◆ **Exercise description**: Everything in the entries except the pictures must be duplicated exactly.

◆ **Entries shown**:
----
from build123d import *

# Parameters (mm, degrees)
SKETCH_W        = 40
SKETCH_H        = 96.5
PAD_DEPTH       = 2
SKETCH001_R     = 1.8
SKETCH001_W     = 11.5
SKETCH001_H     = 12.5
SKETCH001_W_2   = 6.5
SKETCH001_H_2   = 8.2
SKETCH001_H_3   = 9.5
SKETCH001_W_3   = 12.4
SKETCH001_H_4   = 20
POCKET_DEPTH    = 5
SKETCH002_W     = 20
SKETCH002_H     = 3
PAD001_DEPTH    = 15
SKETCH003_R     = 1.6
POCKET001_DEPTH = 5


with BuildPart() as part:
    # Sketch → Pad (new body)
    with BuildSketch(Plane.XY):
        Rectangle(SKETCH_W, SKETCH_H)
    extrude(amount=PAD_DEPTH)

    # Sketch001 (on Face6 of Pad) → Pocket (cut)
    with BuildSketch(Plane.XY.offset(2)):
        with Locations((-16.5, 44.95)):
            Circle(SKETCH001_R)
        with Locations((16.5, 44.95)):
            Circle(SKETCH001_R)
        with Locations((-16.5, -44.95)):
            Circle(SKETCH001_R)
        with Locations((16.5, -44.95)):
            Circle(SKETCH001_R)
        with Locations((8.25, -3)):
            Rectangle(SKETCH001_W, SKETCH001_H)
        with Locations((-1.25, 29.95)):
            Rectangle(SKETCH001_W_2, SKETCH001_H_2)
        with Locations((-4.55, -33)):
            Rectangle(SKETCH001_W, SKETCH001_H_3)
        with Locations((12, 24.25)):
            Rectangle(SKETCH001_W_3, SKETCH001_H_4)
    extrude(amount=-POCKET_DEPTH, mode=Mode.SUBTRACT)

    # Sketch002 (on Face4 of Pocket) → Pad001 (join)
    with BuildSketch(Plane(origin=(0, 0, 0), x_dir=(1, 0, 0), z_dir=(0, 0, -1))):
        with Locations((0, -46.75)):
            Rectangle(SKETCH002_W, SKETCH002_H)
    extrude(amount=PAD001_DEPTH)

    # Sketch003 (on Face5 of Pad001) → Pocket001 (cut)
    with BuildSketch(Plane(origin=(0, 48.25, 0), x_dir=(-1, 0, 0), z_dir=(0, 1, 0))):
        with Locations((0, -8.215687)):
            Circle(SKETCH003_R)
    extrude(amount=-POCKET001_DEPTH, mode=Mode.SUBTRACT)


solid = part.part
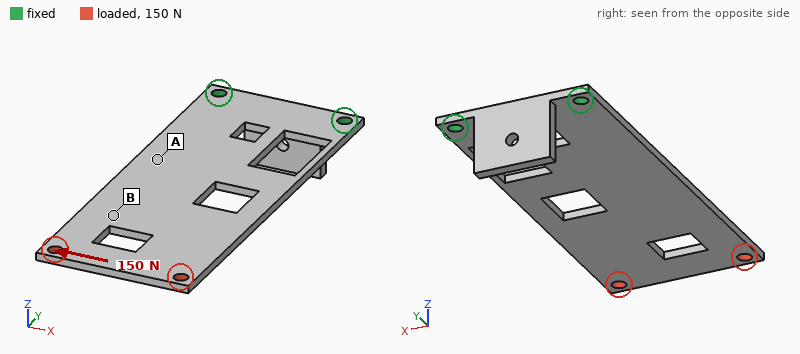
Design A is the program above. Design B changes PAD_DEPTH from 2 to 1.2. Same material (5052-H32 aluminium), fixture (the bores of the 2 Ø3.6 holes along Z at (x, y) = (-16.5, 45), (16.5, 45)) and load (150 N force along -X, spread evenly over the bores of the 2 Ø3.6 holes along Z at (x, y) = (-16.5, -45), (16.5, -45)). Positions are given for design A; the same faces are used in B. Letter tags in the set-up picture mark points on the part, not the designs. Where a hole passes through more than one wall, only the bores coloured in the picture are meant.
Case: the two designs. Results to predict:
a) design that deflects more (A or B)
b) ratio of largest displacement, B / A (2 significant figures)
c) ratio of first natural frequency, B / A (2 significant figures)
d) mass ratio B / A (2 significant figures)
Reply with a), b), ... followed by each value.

a) B
b) 1.7
c) 0.61
d) 0.65
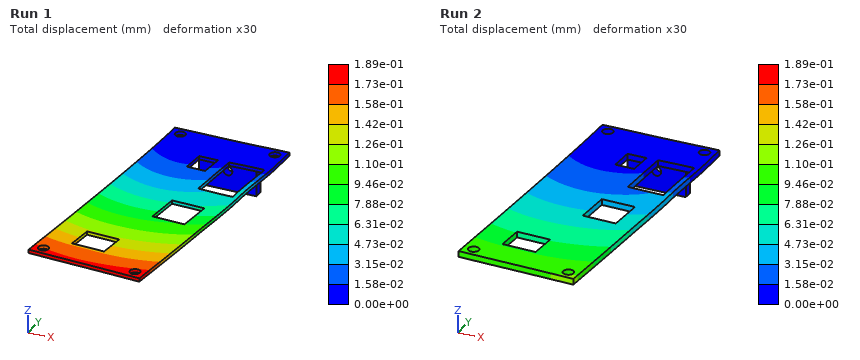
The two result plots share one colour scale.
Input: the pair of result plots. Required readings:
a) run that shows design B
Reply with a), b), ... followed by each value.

a) Run 1
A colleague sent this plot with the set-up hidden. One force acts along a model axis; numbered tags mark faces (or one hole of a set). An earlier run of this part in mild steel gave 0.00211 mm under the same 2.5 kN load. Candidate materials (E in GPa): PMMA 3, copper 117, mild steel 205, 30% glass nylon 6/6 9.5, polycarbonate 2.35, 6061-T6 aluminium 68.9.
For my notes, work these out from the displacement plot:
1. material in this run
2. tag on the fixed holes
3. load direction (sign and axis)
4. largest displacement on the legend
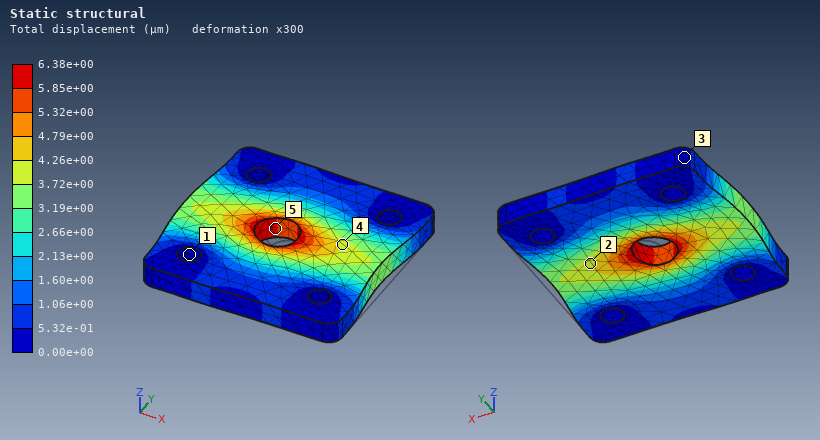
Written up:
6061-T6 aluminium
1
-X
6.38e+00 µm
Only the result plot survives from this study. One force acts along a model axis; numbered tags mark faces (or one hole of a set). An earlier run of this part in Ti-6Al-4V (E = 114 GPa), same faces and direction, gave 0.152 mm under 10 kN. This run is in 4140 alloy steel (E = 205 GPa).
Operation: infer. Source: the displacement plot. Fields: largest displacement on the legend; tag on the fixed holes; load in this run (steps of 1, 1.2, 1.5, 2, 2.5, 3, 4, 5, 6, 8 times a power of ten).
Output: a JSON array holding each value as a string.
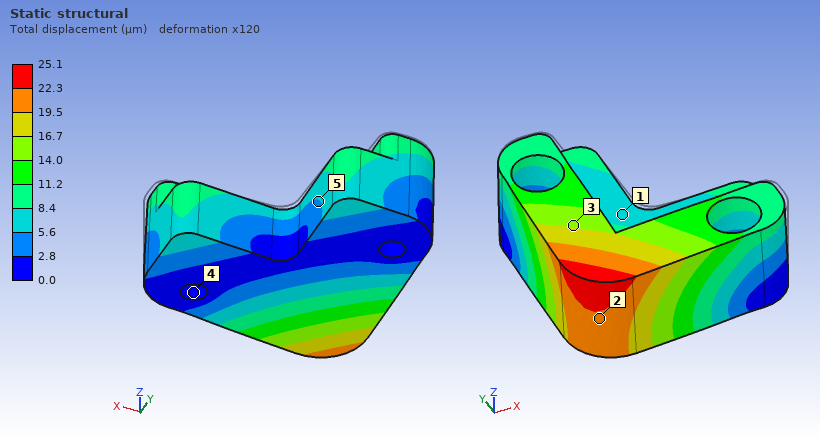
["25.1 µm", "4", "3 kN"]
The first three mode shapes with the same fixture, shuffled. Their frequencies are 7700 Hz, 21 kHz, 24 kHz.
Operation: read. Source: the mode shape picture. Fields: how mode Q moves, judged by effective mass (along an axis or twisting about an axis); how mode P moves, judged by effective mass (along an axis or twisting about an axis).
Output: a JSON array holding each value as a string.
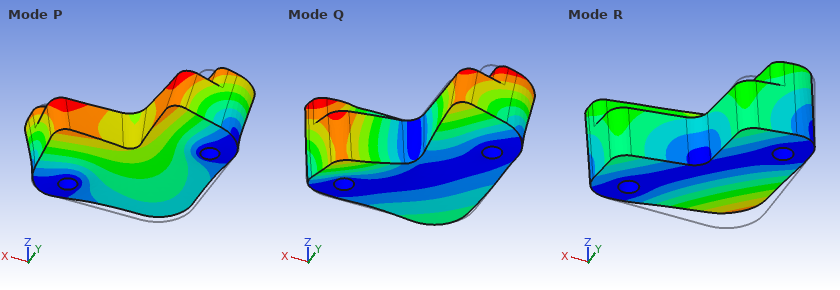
----
◆ **Your solution**:
from build123d import *

# Parameters (mm, degrees)
SKETCH_W        = 40
SKETCH_H        = 96.5
PAD_DEPTH       = 2
SKETCH001_R     = 1.8
SKETCH001_W     = 11.5
SKETCH001_H     = 12.5
SKETCH001_W_2   = 6.5
SKETCH001_H_2   = 8.2
SKETCH001_H_3   = 9.5
SKETCH001_W_3   = 12.4
SKETCH001_H_4   = 20
POCKET_DEPTH    = 5
SKETCH002_W     = 20
SKETCH002_H     = 3
PAD001_DEPTH    = 15
SKETCH003_R     = 1.6
POCKET001_DEPTH = 5


with BuildPart() as part:
    # Sketch → Pad (new body)
    with BuildSketch(Plane.XY):
        Rectangle(SKETCH_W, SKETCH_H)
    extrude(amount=PAD_DEPTH)

    # Sketch001 (on Face6 of Pad) → Pocket (cut)
    with BuildSketch(Plane.XY.offset(2)):
        with Locations((-16.5, 44.95)):
            Circle(SKETCH001_R)
        with Locations((16.5, 44.95)):
            Circle(SKETCH001_R)
        with Locations((-16.5, -44.95)):
            Circle(SKETCH001_R)
        with Locations((16.5, -44.95)):
            Circle(SKETCH001_R)
        with Locations((8.25, -3)):
            Rectangle(SKETCH001_W, SKETCH001_H)
        with Locations((-1.25, 29.95)):
            Rectangle(SKETCH001_W_2, SKETCH001_H_2)
        with Locations((-4.55, -33)):
            Rectangle(SKETCH001_W, SKETCH001_H_3)
        with Locations((12, 24.25)):
            Rectangle(SKETCH001_W_3, SKETCH001_H_4)
    extrude(amount=-POCKET_DEPTH, mode=Mode.SUBTRACT)

    # Sketch002 (on Face4 of Pocket) → Pad001 (join)
    with BuildSketch(Plane(origin=(0, 0, 0), x_dir=(1, 0, 0), z_dir=(0, 0, -1))):
        with Locations((0, -46.75)):
            Rectangle(SKETCH002_W, SKETCH002_H)
    extrude(amount=PAD001_DEPTH)

    # Sketch003 (on Face5 of Pad001) → Pocket001 (cut)
    with BuildSketch(Plane(origin=(0, 48.25, 0), x_dir=(-1, 0, 0), z_dir=(0, 1, 0))):
        with Locations((0, -8.215687)):
            Circle(SKETCH003_R)
    extrude(amount=-POCKET001_DEPTH, mode=Mode.SUBTRACT)


solid = part.part
Design A is the program above. Design B changes PAD_DEPTH from 2 to 1.2. Same material (5052-H32 aluminium), fixture (the bores of the 2 Ø3.6 holes along Z at (x, y) = (-16.5, 45), (16.5, 45)) and load (150 N force along -X, spread evenly over the bores of the 2 Ø3.6 holes along Z at (x, y) = (-16.5, -45), (16.5, -45)). Positions are given for design A; the same faces are used in B. Letter tags in the set-up picture mark points on the part, not the designs. Where a hole passes through more than one wall, only the bores coloured in the picture are meant.
Case: the two designs. Results to predict:
a) design that deflects more (A or B)
b) ratio of largest displacement, B / A (2 significant figures)
c) ratio of first natural frequency, B / A (2 significant figures)
d) mass ratio B / A (2 significant figures)
Reply with a), b), ... followed by each value.

a) B
b) 1.7
c) 0.61
d) 0.65
The two result plots share one colour scale.
Input: the pair of result plots. Required readings:
a) run that shows design B
Reply with a), b), ... followed by each value.

a) Run 1
A colleague sent this plot with the set-up hidden. One force acts along a model axis; numbered tags mark faces (or one hole of a set). An earlier run of this part in mild steel gave 0.00211 mm under the same 2.5 kN load. Candidate materials (E in GPa): PMMA 3, copper 117, mild steel 205, 30% glass nylon 6/6 9.5, polycarbonate 2.35, 6061-T6 aluminium 68.9.
For my notes, work these out from the displacement plot:
1. material in this run
2. tag on the fixed holes
3. load direction (sign and axis)
4. largest displacement on the legend
Written up:
6061-T6 aluminium
1
-X
6.38e+00 µm
Only the result plot survives from this study. One force acts along a model axis; numbered tags mark faces (or one hole of a set). An earlier run of this part in Ti-6Al-4V (E = 114 GPa), same faces and direction, gave 0.152 mm under 10 kN. This run is in 4140 alloy steel (E = 205 GPa).
Operation: infer. Source: the displacement plot. Fields: largest displacement on the legend; tag on the fixed holes; load in this run (steps of 1, 1.2, 1.5, 2, 2.5, 3, 4, 5, 6, 8 times a power of ten).
Output: a JSON array holding each value as a string.
["25.1 µm", "4", "3 kN"]
The first three mode shapes with the same fixture, shuffled. Their frequencies are 7700 Hz, 21 kHz, 24 kHz.
Operation: read. Source: the mode shape picture. Fields: how mode Q moves, judged by effective mass (along an axis or twisting about an axis); how mode P moves, judged by effective mass (along an axis or twisting about an axis).
Output: a JSON array holding each value as a string.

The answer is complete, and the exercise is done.